Hâlâ Müslümanların ürettiği bir oyuncak firmamız yok. Ülkemde kaliteli eğitici oyuncak üreten bir firma yok. Mesela biz yayıncılar olarak kaliteli ve orijinal bir iş yaptığımızda hızla kötü taklitleri yapılıyor. Yeni üreten biri iş yapsın yeter ki. Onun satılıyor ve para kazandırıyor olduğunu görünce diğer firmalar da hemen taklit etmeye başlıyorlar ve kötü kopyalarını üretiyorlar. Bu durum insanları da geliştirmiyor çünkü yeni bir ürün yapmak maliyettir. Araştırma yapıyorsunuz, örnek çıkarıyorsunuz, kafa yoruyorsunuz, ücret belirliyorsunuz. Ancak diğerleri hazır olanı alıp resmini, ebatını, kalitesini değiştiriyor ve piyasaya sürüyor. Maalesef halimiz bu. Her şeyi öğreniyoruz ancak kendimiz yapmak için değil, başkasına söylemek için. Çocuklarımızı eğitmezsek geleceğimiz çok karanlık.
Son olarak vurgulamak istediğiniz noktalar var mı?
Çocuk, çocuk, eğitim, eğitim. Başka da bir şey demiyorum. Eğitim, çocukta anne karnında başlıyor diyor doktorlarımız. Ve ölene kadar da bitmemesi gereken bir şey. Bizce öğrenmek farz. Ancak ezberlemek, başkasına söylemek üzere değil, hayatımıza yansıtmak üzere. Bizzat bunun hesabını vermek üzere yapmalıyız. Tabii ki aktarmak önemli ancak bilirsek tebliğ edebiliriz.
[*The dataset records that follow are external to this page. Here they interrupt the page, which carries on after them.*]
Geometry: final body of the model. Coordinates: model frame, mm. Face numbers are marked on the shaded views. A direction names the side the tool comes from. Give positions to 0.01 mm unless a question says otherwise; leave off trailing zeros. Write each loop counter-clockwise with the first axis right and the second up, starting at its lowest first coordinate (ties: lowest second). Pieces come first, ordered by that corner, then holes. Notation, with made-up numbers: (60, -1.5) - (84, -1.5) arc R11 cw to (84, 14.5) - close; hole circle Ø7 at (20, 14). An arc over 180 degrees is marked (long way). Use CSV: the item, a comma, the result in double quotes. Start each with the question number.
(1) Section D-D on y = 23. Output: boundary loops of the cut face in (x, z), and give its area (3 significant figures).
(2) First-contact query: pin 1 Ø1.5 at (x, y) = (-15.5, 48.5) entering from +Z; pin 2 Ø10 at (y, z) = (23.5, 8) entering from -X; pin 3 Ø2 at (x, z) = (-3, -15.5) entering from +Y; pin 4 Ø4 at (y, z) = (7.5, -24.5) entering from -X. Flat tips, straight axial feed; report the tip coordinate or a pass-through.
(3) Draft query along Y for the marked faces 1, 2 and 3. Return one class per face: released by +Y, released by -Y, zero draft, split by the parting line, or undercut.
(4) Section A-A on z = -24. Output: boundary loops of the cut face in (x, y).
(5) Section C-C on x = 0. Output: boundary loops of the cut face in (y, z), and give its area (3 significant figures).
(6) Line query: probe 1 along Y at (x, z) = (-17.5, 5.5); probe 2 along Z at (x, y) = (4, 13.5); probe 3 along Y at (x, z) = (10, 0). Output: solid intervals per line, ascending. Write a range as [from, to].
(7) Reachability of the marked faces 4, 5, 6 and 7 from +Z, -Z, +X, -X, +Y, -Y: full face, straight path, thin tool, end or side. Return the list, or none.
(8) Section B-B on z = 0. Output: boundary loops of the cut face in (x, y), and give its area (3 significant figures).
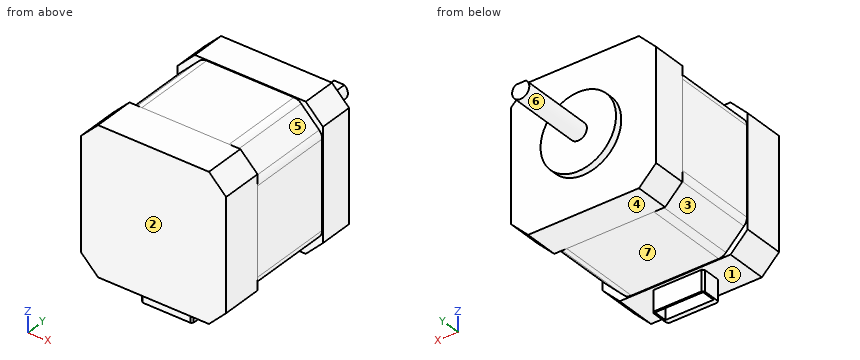
Autodesk Inventor part; units mm, degrees
ref_plane "YZ Plane" through (0, 0, 0) normal (1, 0, 0) x (0, 1, 0)
ref_plane "XZ Plane" through (0, 0, 0) normal (0, 1, 0) x (-1, 0, 0)
ref_plane "XY Plane" through (0, 0, 0) normal (0, 0, 1) x (1, 0, 0)
sketch "Эскиз1" plane through (0, 0, 0) normal (0, 1, 0) x (-1, 0, 0)
  line L0 (16.15, 21.15) -> (-16.15, 21.15)
  line L1 (-21.15, 16.15) -> (-21.15, -16.15)
  line L2 (-16.15, -21.15) -> (16.15, -21.15)
  line L3 (21.15, -16.15) -> (21.15, 16.15)
  line L4 (21.15, 21.15) -> (-21.15, -21.15) construction
  line L5 (-21.15, 21.15) -> (21.15, -21.15) construction
  line L6 (16.15, -21.15) -> (21.15, -16.15)
  line L7 (21.15, 16.15) -> (16.15, 21.15)
  line L8 (-16.15, 21.15) -> (-21.15, 16.15)
  line L9 (-21.15, -16.15) -> (-16.15, -21.15)
  point P0 (0, 0)
  dimension "d0" = 42.3
  dimension "d1" = 5
  dimension "d2" = 5
  dimension "d3" = 5
  dimension "d4" = 5
  dimension "d5" = 5
  dimension "d6" = 5
  dimension "d7" = 5
  dimension "d8" = 5
extrude "Выдавливание1" add sketch "Эскиз1" along normal blind 12
sketch "Эскиз2" plane through (0, 12, 0) normal (0, 1, 0) x (1, 0, 0)
  line L0 (13.95, -20.95) -> (-13.95, -20.95)
  line L1 (-20.95, -13.95) -> (-20.95, 13.95)
  line L2 (-13.95, 20.95) -> (13.95, 20.95)
  line L3 (20.95, 13.95) -> (20.95, -13.95)
  line L4 (20.95, -20.95) -> (-20.95, 20.95) construction
  line L5 (-20.95, -20.95) -> (20.95, 20.95) construction
  line L6 (-16.15, -21.15) -> (16.15, -21.15)
  line L7 (-13.95, -20.95) -> (-20.95, -13.95)
  line L8 (-20.95, 13.95) -> (-13.95, 20.95)
  line L9 (13.95, 20.95) -> (20.95, 13.95)
  line L10 (20.95, -13.95) -> (13.95, -20.95)
  point P0 (0, 0)
  dimension "d23" = 0.2
  dimension "d24" = 7
  dimension "d25" = 7
  dimension "d26" = 7
  dimension "d27" = 7
  dimension "d28" = 7
  dimension "d29" = 7
  dimension "d30" = 7
  dimension "d31" = 7
extrude "Выдавливание2" add sketch "Эскиз2" along normal blind 25
sketch "Эскиз3" plane through (0, 37, 0) normal (0, 1, 0) x (1, 0, 0)
  line L0 (-16.15, 21.15) -> (-21.15, 16.15)
  line L1 (16.15, 21.15) -> (-16.15, 21.15)
  line L2 (21.15, 16.15) -> (16.15, 21.15)
  line L3 (21.15, -16.15) -> (21.15, 16.15)
  line L4 (16.15, -21.15) -> (21.15, -16.15)
  line L5 (-16.15, -21.15) -> (16.15, -21.15)
  line L6 (-21.15, -16.15) -> (-16.15, -21.15)
  line L7 (-21.15, 16.15) -> (-21.15, -16.15)
  point P0 (0, 0)
extrude "Выдавливание3" add sketch "Эскиз3" along normal blind 10
fillet "Сопряжение1" radius 3 8 edges at (13.95, 24.5, 20.95) (20.95, 24.5, 13.95) (20.95, 24.5, -13.95) (13.95, 24.5, -20.95) (-13.95, 24.5, -20.95) (-20.95, 24.5, -13.95) (-20.95, 24.5, 13.95) (-13.95, 24.5, 20.95)
sketch "Эскиз4" plane through (0, 47, 0) normal (0, 1, 0) x (1, 0, 0)
  circle A0 centre (0, 0) radius 11
  dimension "d33" = 22
extrude "Выдавливание4" add sketch "Эскиз4" along normal blind 2
sketch "Эскиз5" plane through (0, 49, 0) normal (0, 1, 0) x (1, 0, 0)
  arc A0 (1.5, -2) -> (-1.5, -2) centre (0, 0) ccw
  line L0 (1.5, -2) -> (-1.5, -2)
  dimension "d36" = 2.5
  dimension "d37" = 2
extrude "Выдавливание5" add sketch "Эскиз5" along normal blind 22
sketch "Эскиз6" plane through (16.15, 0, -21.15) normal (0, 0, -1) x (-1, 0, 0)
  line L0 (0, 0) -> (32.3, 0)
  line L1 (8.65, 11) -> (23.65, 11)
  line L2 (23.65, 11) -> (23.65, 5)
  line L3 (23.65, 5) -> (8.65, 5)
  line L4 (8.65, 5) -> (8.65, 11)
  point P0 (16.15, 0)
  point P1 (16.15, 0)
  point P2 (16.15, 5)
  point P3 (16.15, 0)
  dimension "d67" = 15
  dimension "d68" = 6
  dimension "d69" = 5
extrude "Выдавливание6" add sketch "Эскиз6" along normal blind 6
sketch "Эскиз9" plane through (16.15, 0, -27.15) normal (0, 0, -1) x (-1, 0, 0)
  line L0 (9.15, 10.5) -> (23.15, 10.5)
  line L1 (23.15, 10.5) -> (23.15, 6.5)
  line L2 (23.15, 6.5) -> (9.15, 6.5)
  line L3 (9.15, 6.5) -> (9.15, 10.5)
  line L4 (23.65, 5) -> (23.65, 11)
  line L5 (23.65, 11) -> (8.65, 11)
  point P0 (16.15, 0)
  point P1 (16.15, 6.5)
  dimension "d70" = 0.5
  dimension "d71" = 0.5
  dimension "d72" = 4
extrude "Выдавливание8" cut sketch "Эскиз9" against normal blind 4
chamfer "Фаска1" distance 0.5 angle 45 4 edges at (7.5, 11, -24.15) (7.5, 5, -24.15) (-7.5, 11, -24.15) (-7.5, 5, -24.15)
equation "\"d2\" = d1"
equation "\"d3\" = d1"
equation "\"d4\" = d3"
equation "\"d5\" = d1"
equation "\"d6\" = d5"
equation "\"d7\" = d1"
equation "\"d8\" = d7"
equation "\"d25\" = d24"
equation "\"d26\" = d24"
equation "\"d27\" = d26"
equation "\"d28\" = d24"
equation "\"d29\" = d28"
equation "\"d30\" = d24"
equation "\"d31\" = d30"
properties part number "42BYGH47" material "Сталь, мягкая"
Check values:
1,outline,"(-20.95, -12.71) arc R3 ccw to (-20.07, -14.83) - (-14.83, -20.07) arc R3 ccw to (-12.71, -20.95) - (12.71, -20.95) arc R3 ccw to (14.83, -20.07) - (20.07, -14.83) arc R3 ccw to (20.95, -12.71) - (20.95, 12.71) arc R3 ccw to (20.07, 14.83) - (14.83, 20.07) arc R3 ccw to (12.71, 20.95) - (-12.71, 20.95) arc R3 ccw to (-14.83, 20.07) - (-20.07, 14.83) arc R3 ccw to (-20.95, 12.71) - close"
1,area,"1,660 mm²"
2,pin 1,"passes through"
2,pin 2,"stops at x = -20.95"
2,pin 3,"stops at y = 47"
2,pin 4,"stops at x = -7.5"
3,face 1,"zero draft"
3,face 2,"released by -Y"
3,face 3,"undercut"
4,outline,"(-7.5, 5.5) - (-7, 5) - (7, 5) - (7.5, 5.5) - (7.5, 10.5) - (7, 11) - (-7, 11) - (-7.5, 10.5) - close; hole (-7, 6.5) - (7, 6.5) - (7, 10.5) - (-7, 10.5) - close"
5,outline,"(0, -21.15) - (5, -21.15) - (5, -27.15) - (6.5, -27.15) - (6.5, -23.15) - (10.5, -23.15) - (10.5, -27.15) - (11, -27.15) - (11, -21.15) - (12, -21.15) - (12, -20.95) - (37, -20.95) - (37, -21.15) - (47, -21.15) - (47, -11) - (49, -11) - (49, -2.5) - (71, -2.5) - (71, 2) - (49, 2) - (49, 11) - (47, 11) - (47, 21.15) - (37, 21.15) - (37, 20.95) - (12, 20.95) - (12, 21.15) - (0, 21.15) - close"
5,area,"2,140 mm²"
6,probe 1,"y = [0, 47]"
6,probe 2,"z = [-20.95, 20.95]"
6,probe 3,"y = [0, 49]"
7,face 4,"-Z, +X, -X, +Y"
7,face 5,"+Z, +X"
7,face 6,"+Y"
7,face 7,"-Z, +X, -X"
8,outline,"(-21.15, 0) - (21.15, 0) - (21.15, 12) - (20.95, 12) - (20.95, 37) - (21.15, 37) - (21.15, 47) - (11, 47) - (11, 49) - (2.5, 49) - (2.5, 71) - (-2.5, 71) - (-2.5, 49) - (-11, 49) - (-11, 47) - (-21.15, 47) - (-21.15, 37) - (-20.95, 37) - (-20.95, 12) - (-21.15, 12) - close"
8,area,"2,130 mm²"

Bu konu bizim zayıf noktamız. FETÖ’cüler de bizi buradan aldattılar, eğitime önem verdiler. Kurslar açtılar, bizim de ona açlığımız vardı. Çocuklarımızı götürdük, onlara teslim ettik. Şu an boşalan yeri hızlı bir şekilde doldurmaya çalışmamız gerek. Devletin desteğiyle şu an boşalan yerleri doldurmaya çalışıyoruz. Bu konuda iktidar olmak çok önemli. İktidar olmazsanız hiçbir şey yapamazsınız. Ama esas olarak eğitimin aileden başlaması lazım. Çocuk edebiyatı ülkemizde yeni yeni gelişmeye başladı. Eğitici oyuncaklar üreten firmaların da olması lazım. Bu alanlarda giderek daha da gelişeceğimizi umut ediyorum.